YOUR ASSIGNMENT
Each line starting at the one that contains "#17 toy train at [259, 1, 311, 45]" and ending at the one that contains "rpy_deg=(roll, pitch, yaw))" must be returned exactly, and the rest of the listing is left out.

SOURCE DATA

==================================================

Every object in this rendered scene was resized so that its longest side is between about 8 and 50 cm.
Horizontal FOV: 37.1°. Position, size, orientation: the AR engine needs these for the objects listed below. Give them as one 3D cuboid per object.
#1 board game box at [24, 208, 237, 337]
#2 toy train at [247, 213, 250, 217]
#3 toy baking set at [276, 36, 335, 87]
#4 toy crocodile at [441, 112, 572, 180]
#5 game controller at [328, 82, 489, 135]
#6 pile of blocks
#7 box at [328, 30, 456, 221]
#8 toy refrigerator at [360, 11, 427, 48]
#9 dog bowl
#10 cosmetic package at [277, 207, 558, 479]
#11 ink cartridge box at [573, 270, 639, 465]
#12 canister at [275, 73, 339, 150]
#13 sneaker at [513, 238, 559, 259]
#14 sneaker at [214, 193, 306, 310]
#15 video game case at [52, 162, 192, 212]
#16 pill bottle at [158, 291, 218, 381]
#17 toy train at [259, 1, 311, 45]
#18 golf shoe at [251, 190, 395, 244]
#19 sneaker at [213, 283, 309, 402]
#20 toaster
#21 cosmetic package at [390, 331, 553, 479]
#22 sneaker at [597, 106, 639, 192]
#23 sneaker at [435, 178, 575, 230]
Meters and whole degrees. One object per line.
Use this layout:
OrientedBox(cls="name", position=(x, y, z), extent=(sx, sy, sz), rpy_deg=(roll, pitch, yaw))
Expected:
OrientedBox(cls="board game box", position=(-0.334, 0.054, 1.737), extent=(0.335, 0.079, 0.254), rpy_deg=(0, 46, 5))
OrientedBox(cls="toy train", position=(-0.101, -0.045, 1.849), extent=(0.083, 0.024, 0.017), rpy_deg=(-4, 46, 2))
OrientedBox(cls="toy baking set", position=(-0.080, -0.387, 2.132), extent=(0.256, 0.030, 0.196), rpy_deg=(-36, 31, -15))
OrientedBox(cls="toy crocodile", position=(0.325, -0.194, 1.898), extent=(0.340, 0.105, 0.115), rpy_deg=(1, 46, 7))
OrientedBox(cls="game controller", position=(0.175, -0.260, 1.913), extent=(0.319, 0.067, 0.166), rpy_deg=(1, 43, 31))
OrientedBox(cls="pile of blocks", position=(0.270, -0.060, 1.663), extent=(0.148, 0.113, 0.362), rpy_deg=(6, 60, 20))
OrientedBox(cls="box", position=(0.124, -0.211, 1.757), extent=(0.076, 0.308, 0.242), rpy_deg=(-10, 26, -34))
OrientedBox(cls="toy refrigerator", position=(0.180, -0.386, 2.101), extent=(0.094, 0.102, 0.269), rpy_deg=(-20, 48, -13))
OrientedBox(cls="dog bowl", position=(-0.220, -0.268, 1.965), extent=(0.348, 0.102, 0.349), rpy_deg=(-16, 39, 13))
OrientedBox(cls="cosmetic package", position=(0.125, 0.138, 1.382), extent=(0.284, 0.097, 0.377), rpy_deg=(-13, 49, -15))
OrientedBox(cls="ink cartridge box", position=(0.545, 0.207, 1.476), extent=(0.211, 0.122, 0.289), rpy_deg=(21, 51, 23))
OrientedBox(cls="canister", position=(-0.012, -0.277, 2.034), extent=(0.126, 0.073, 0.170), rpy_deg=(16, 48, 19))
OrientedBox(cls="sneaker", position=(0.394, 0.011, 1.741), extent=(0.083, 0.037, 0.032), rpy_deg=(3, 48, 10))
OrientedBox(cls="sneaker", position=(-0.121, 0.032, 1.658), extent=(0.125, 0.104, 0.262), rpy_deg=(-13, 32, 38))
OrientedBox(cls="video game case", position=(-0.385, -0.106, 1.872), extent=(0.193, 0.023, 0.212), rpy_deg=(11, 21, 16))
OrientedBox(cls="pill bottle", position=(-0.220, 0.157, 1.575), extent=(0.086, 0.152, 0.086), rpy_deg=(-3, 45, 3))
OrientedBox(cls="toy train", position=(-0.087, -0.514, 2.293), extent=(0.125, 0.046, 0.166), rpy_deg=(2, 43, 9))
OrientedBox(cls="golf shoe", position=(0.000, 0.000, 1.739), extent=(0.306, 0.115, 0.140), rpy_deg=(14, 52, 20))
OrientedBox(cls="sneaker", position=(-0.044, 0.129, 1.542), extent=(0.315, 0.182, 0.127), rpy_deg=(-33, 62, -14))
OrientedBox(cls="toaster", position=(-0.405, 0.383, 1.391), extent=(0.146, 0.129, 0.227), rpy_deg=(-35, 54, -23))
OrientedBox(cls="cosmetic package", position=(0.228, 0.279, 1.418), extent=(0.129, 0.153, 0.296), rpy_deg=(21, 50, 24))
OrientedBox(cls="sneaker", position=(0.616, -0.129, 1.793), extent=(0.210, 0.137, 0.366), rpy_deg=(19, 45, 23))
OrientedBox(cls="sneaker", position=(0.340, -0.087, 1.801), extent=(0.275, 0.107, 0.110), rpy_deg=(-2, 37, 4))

==================================================

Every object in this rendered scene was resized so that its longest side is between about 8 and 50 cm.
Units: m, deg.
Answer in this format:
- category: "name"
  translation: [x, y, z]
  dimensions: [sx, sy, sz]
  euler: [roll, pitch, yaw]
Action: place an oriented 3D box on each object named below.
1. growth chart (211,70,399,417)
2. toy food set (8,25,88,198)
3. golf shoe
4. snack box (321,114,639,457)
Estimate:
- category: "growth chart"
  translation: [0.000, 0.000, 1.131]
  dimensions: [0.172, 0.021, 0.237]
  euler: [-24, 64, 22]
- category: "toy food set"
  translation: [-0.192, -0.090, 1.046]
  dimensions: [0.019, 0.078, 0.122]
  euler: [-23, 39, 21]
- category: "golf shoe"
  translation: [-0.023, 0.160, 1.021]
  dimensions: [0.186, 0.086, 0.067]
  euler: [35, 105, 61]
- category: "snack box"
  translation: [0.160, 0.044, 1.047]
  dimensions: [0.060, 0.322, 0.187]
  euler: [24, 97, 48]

==================================================

FINISHED TASK
#17 toy train at [259, 1, 311, 45]
#18 golf shoe at [251, 190, 395, 244]
#19 sneaker at [213, 283, 309, 402]
#20 toaster
#21 cosmetic package at [390, 331, 553, 479]
#22 sneaker at [597, 106, 639, 192]
#23 sneaker at [435, 178, 575, 230]
Meters and whole degrees. One object per line.
Use this layout:
OrientedBox(cls="name", position=(x, y, z), extent=(sx, sy, sz), rpy_deg=(roll, pitch, yaw))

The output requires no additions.